Records from a dataset:
.....
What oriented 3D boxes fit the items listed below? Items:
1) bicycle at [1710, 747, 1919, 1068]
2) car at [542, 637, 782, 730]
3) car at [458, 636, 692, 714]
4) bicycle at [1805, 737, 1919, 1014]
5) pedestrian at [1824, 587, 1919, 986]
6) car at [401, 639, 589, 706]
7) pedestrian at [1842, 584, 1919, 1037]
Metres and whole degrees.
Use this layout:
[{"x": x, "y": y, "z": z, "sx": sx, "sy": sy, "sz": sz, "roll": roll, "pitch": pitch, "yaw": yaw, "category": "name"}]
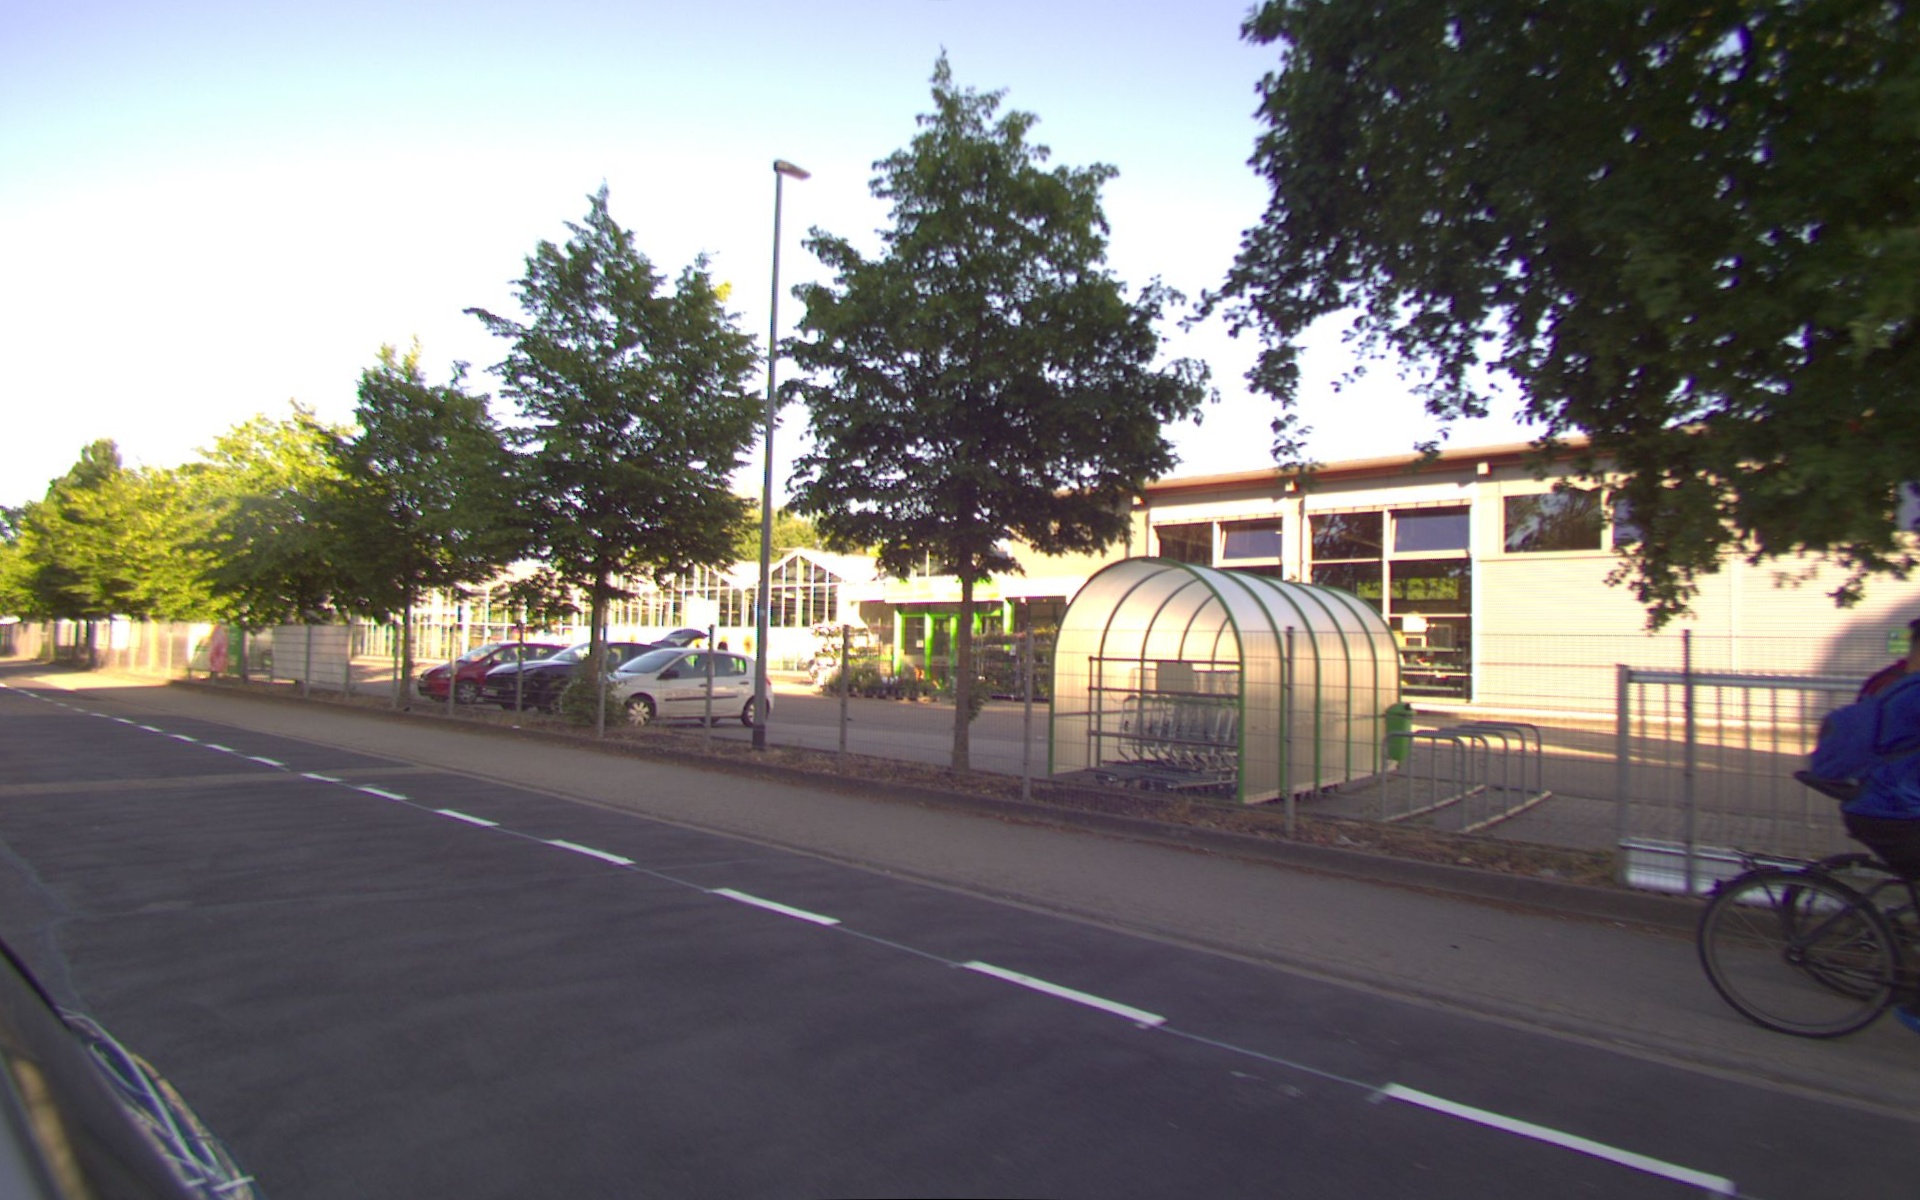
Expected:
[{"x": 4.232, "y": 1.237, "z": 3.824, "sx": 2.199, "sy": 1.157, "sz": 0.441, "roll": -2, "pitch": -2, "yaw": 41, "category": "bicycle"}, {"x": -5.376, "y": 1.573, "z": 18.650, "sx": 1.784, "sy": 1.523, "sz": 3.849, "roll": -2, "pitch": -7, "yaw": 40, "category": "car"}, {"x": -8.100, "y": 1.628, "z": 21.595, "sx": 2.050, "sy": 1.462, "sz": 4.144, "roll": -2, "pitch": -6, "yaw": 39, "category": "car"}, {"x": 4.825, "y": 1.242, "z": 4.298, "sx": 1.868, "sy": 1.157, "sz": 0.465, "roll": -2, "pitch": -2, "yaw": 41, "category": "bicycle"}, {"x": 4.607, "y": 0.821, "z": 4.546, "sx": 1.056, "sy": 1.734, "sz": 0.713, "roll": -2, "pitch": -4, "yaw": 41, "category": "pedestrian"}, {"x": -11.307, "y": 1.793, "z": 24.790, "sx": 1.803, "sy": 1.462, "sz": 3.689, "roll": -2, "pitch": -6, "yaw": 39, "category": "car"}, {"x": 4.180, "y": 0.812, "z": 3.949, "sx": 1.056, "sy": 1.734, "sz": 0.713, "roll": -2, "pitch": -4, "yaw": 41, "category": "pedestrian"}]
.....
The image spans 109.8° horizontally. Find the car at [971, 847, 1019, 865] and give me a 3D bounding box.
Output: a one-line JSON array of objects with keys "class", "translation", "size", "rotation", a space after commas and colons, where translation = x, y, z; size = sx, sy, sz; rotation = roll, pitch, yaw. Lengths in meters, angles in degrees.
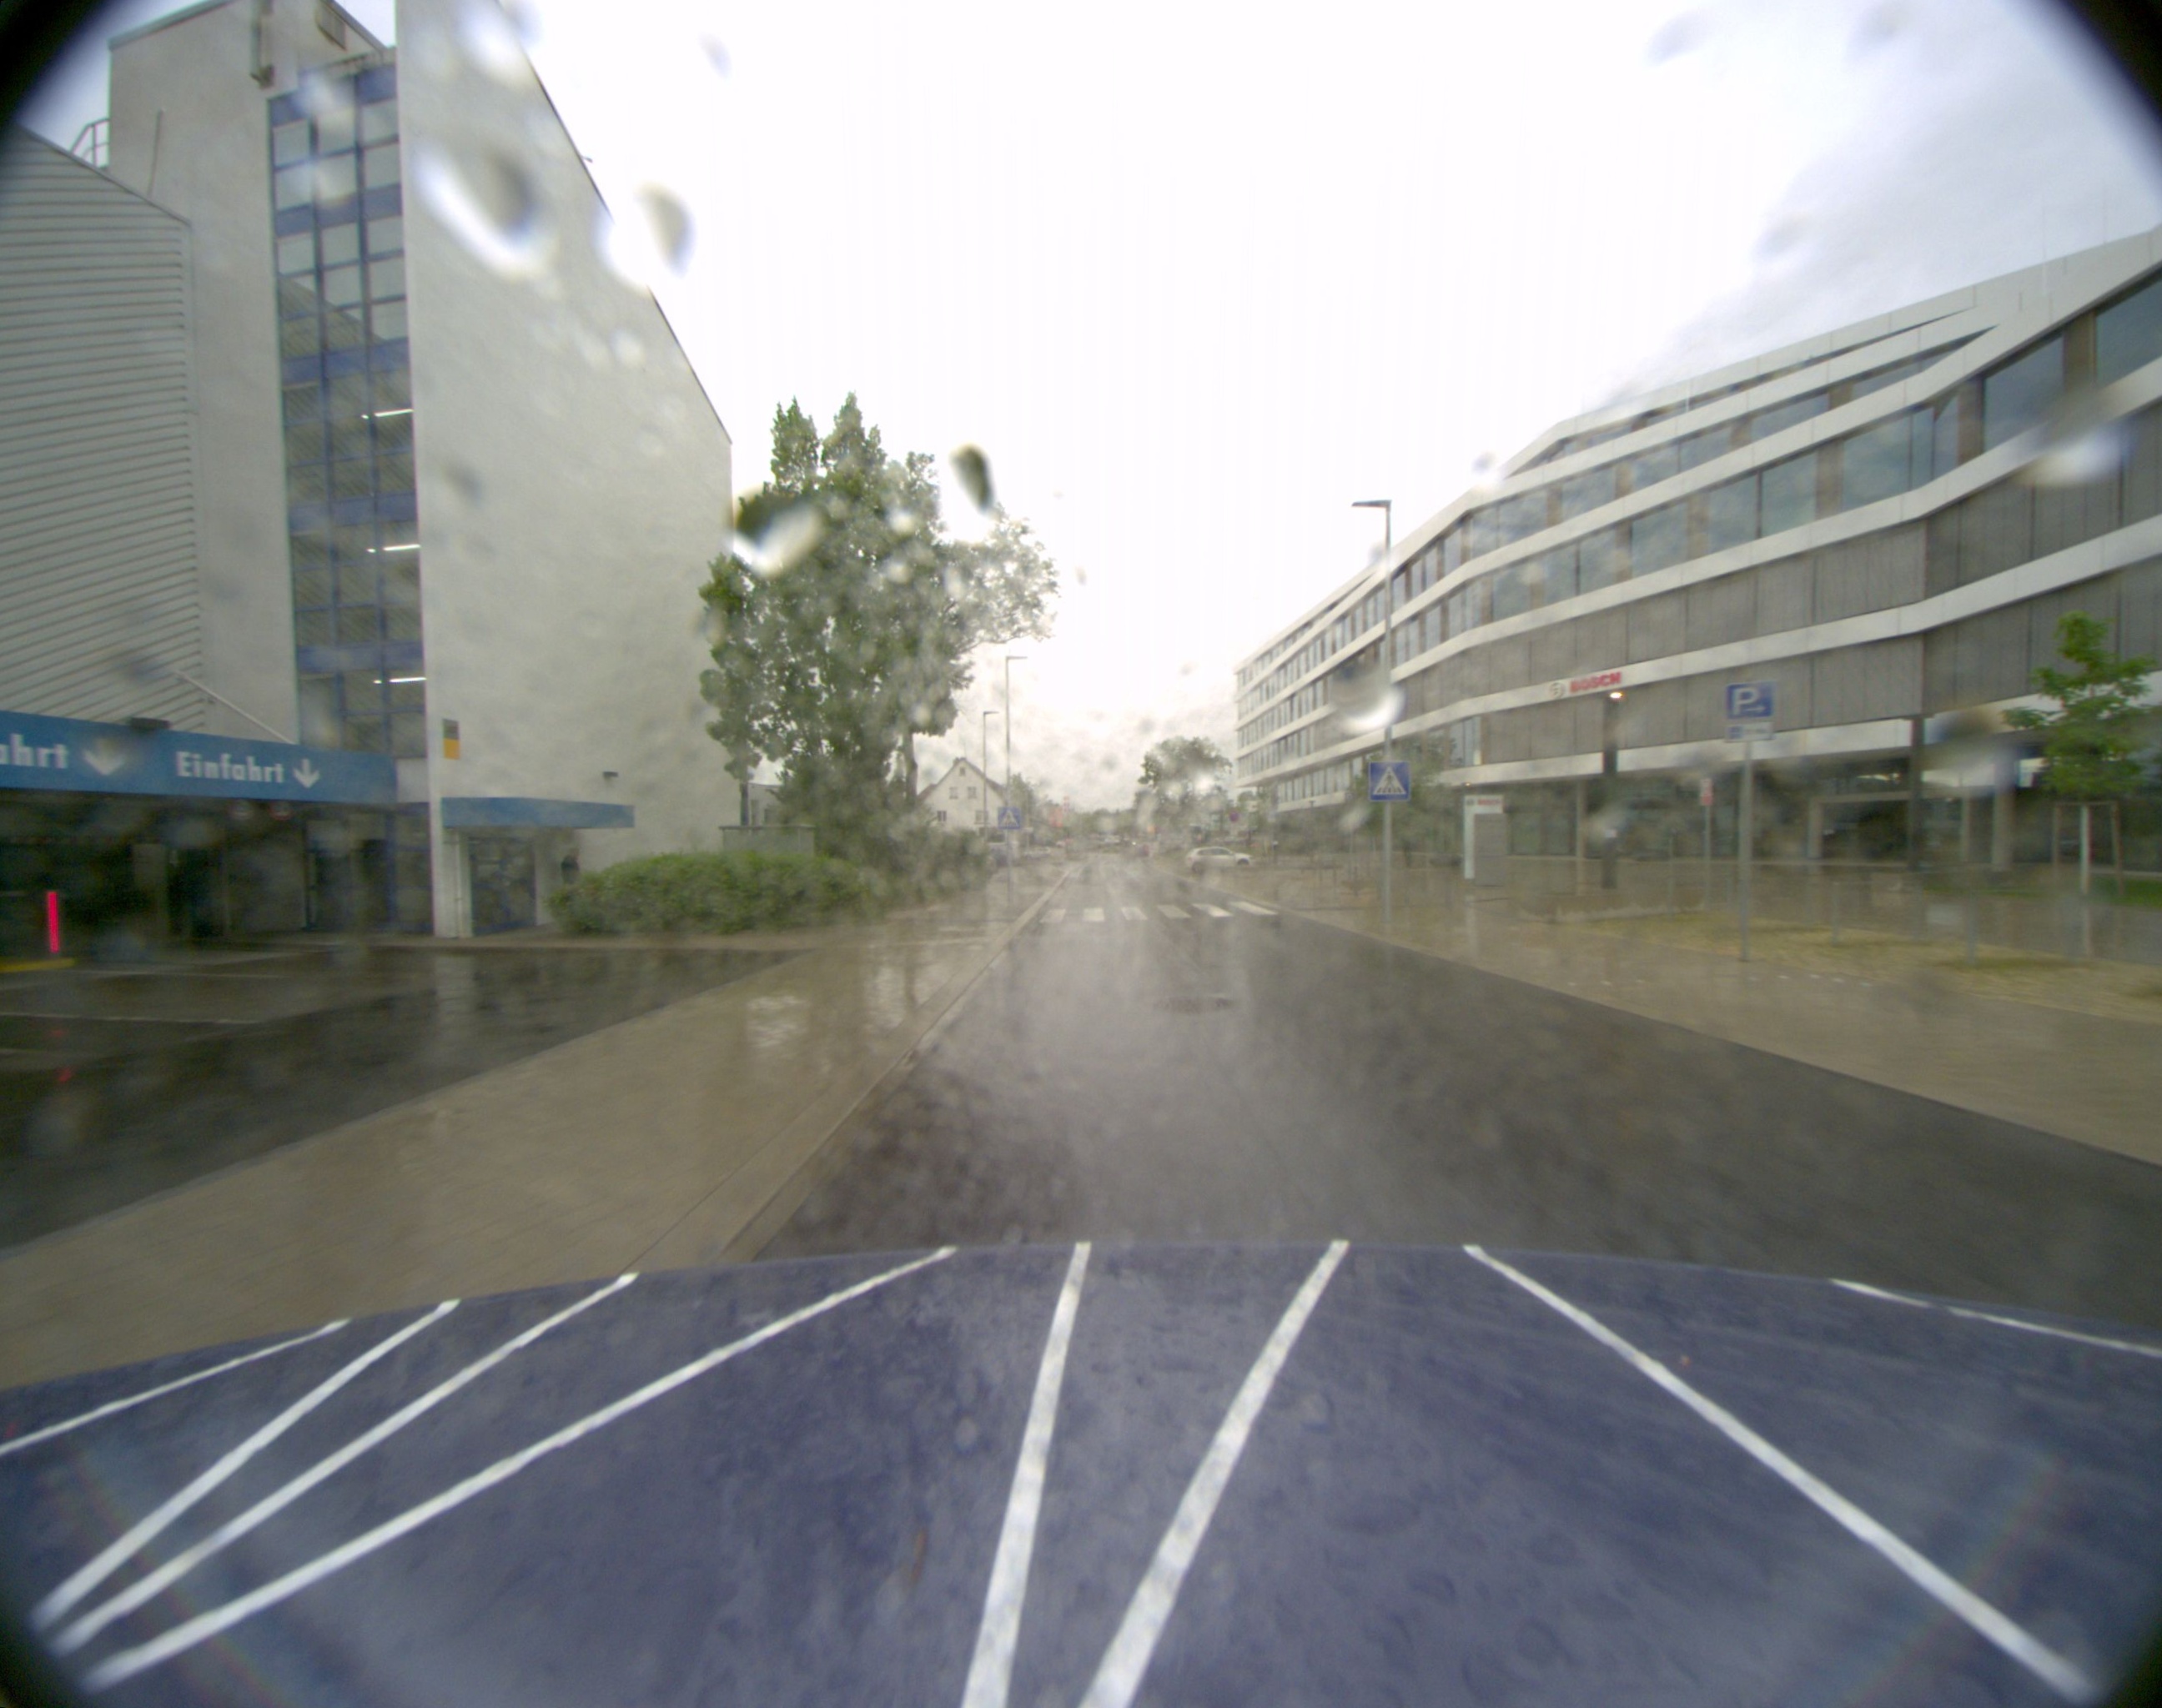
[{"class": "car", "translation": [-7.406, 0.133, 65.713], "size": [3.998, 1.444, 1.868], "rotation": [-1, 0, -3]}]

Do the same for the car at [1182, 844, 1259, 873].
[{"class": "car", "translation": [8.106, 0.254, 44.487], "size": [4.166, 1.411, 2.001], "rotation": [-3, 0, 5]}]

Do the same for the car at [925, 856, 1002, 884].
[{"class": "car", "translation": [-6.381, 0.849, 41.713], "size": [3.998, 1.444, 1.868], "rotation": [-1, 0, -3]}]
.....
- _WHAT YOU NEED TO DO_
Print the lines above from the one with "What oriented 3D" through the one with "Metres and whole degrees.", both included, exactly as written and nothing more.

- _RESULT_
What oriented 3D boxes fit the items listed below? Items:
1) bicycle at [1710, 747, 1919, 1068]
2) car at [542, 637, 782, 730]
3) car at [458, 636, 692, 714]
4) bicycle at [1805, 737, 1919, 1014]
5) pedestrian at [1824, 587, 1919, 986]
6) car at [401, 639, 589, 706]
7) pedestrian at [1842, 584, 1919, 1037]
Metres and whole degrees.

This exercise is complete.